— Но я не знаю такого человека, — сказал Игги.
— И я тебе отвечу, — вставил Бобчинский. — Получите фотографический снимок этого, не побоюсь слова, хорошего человека.
Он проворно вытащил из своей сумки пару фотографий и всунул их заключенным. Яков, понятное дело, в дополнительных сведениях о Рерихе не нуждался.
— Держите их перед глазами и больше ни о чем не думайте.
— Собственно говоря, это — все, — развел руками Добчинский. — Можете идти.
— Все, парни, пошли в хорошем темпе, — хлопнул в ладоши Бокий. — Верю в удачу. С богом!
— Господи спаси! — одновременно прошептали Игги и Тойво.
А Блюмкин ничего не сказал, кивнул своему начальнику и подтолкнул монаха к ходу в портал.
Собственно говоря, перехода, как такового, и не было. Разве что над горой разыгрались сполохи зарниц, словно отражения далекого пожара. Видно это было издалека, те жители архипелага, что по какой-то нужде не спали и пялились в это время на небо, боязливо крестились, чесались, а потом спокойно ложились обратно в постель.
Усопший монах даже мяукнуть не успел, сделал рукой, укрытой белесым саваном, непотребный жест, и только его и видели — лопнул, как мыльный пузырь, оставив после себя озоновую дыру. Вернее — дыру, состоящую из озона.

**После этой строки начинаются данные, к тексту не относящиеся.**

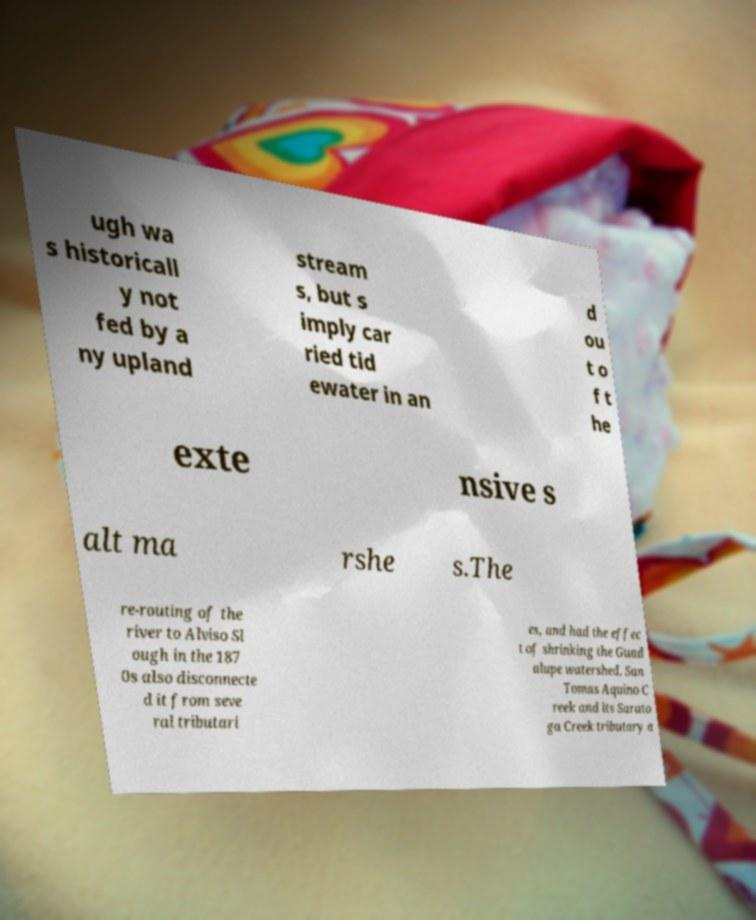Could you assist in decoding the text presented in this image and type it out clearly? ugh wa s historicall y not fed by a ny upland stream s, but s imply car ried tid ewater in an d ou t o f t he exte nsive s alt ma rshe s.The re-routing of the river to Alviso Sl ough in the 187 0s also disconnecte d it from seve ral tributari es, and had the effec t of shrinking the Guad alupe watershed. San Tomas Aquino C reek and its Sarato ga Creek tributary a 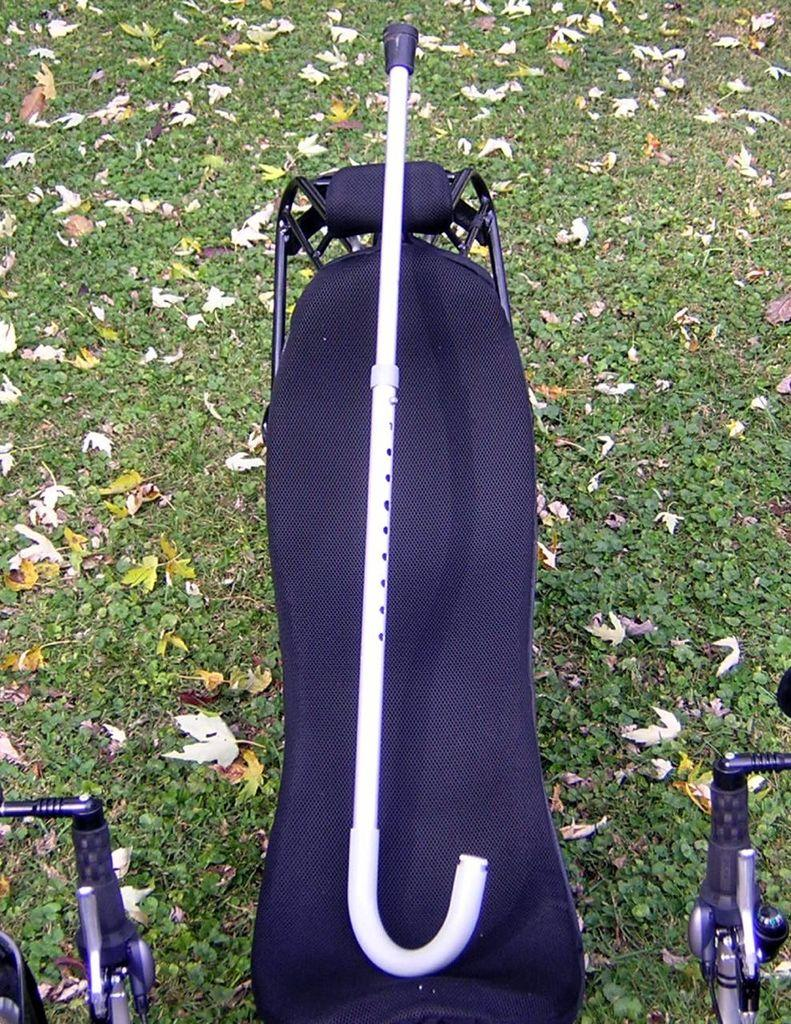What is the main object in the center of the image? There is a flat bench in the center of the image. What is placed on the bench? A walking stick is present on the bench. What type of ground is visible below the bench? There is grass with dried leaves below the bench. Reasoning: Let's think step by step by step in order to produce the conversation. We start by identifying the main object in the image, which is the flat bench. Then, we describe the additional object on the bench, which is the walking stick. Finally, we mention the type of ground visible below the bench, which is grass with dried leaves. Each question is designed to elicit a specific detail about the image that is known from the provided facts. Absurd Question/Answer: What type of government is depicted in the image? There is no depiction of a government in the image; it features a flat bench, a walking stick, and grass with dried leaves. What style of prose is used in the image? The image is not a piece of prose; it is a visual representation of a flat bench, a walking stick, and grass with dried leaves.

Все три путника тоже пропали без шума и пыли.
— Сработало, — сказал Добчинский. — Не пора ли нам по водочке, так сказать, ударить.
— Обещал, начальник! — поддержал коллегу Бобчинский.

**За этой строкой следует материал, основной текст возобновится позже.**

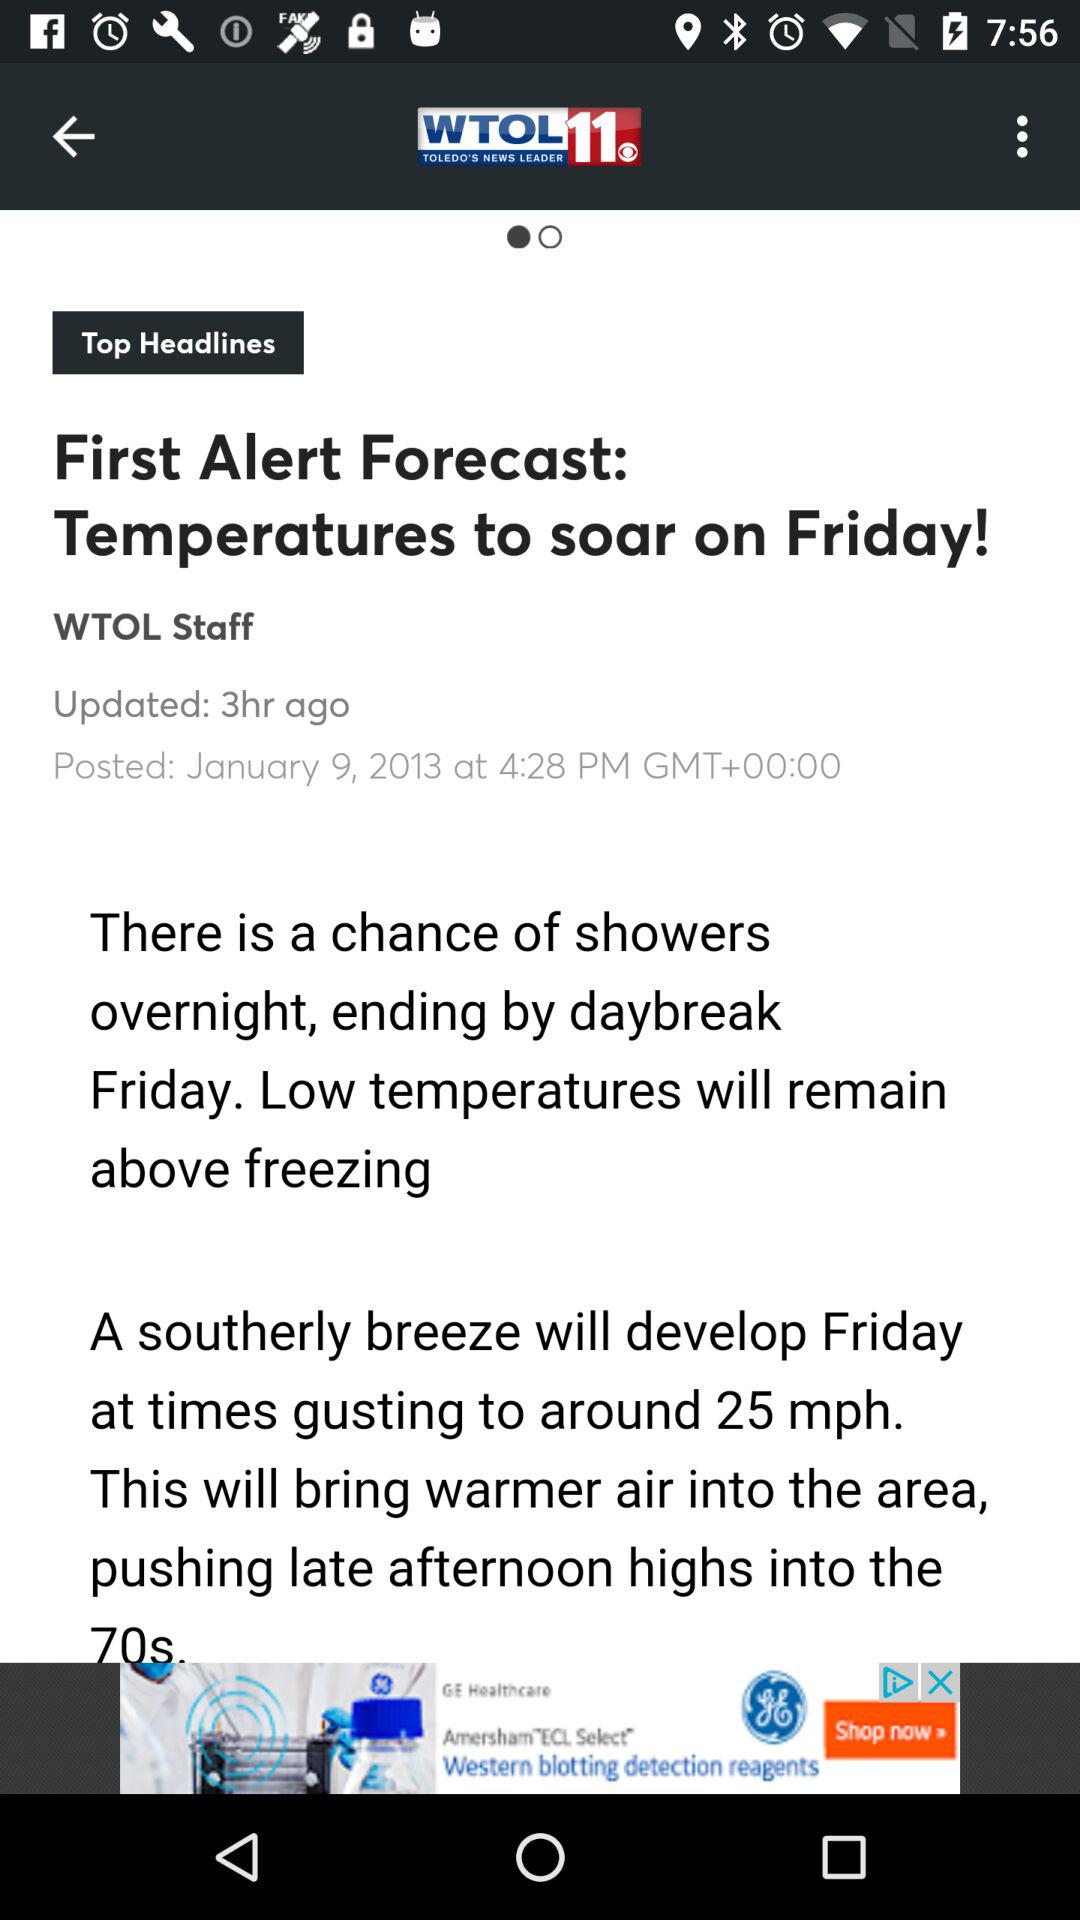What is the time? The time is 4:28 p.m. GMT+00:00.

— Эх, парни, вам только ханку жрать! — ответил Бокий. — А что с народом случилось, вас не интересует? Ну-ка, слазить в нору и убедиться, что она пуста.
Добчинский, как самый ближний к лазу, нехотя поднялся и залез внутрь. Тотчас же оттуда раздался душераздирающий вопль, от которого кровь, вполне вероятно, могла застыть в жилах. Усопший монах и его подельники-призраки просто отдыхали со своими охами-вздохами.
— Что это? — обеспокоился товарищ Глеб и опасливо достал свой револьвер.
Немедленно из дыры вылез Бобчинский, подполз на коленях к костру и откашлялся. Присев поудобнее, он принялся задумчиво лицезреть пляску огоньков на поленьях.
— Ну? — угрожающе поводя пистолетом, спросил Бокий.
— А! — встрепенулся ученый. — Все нормально. Никого нет. Камень на ощупь чуть теплее остальных. Пламя свечи в нем больше не рефлектует.
— А что же ты орал, как резаный?
— Так, пробовал силу своих голосовых связок, — пожал плечами Бобчинский. — Продышался, так сказать, всей мощью своих легких. А что?
Товарищ Глеб ничего не ответил, только вздохнул и махнул рукой: наливай, мол! Добчинский только того и ждал: жестом факира выудил из-под полы непочатую бутылку Смирновской водки, запечатанную сургучом.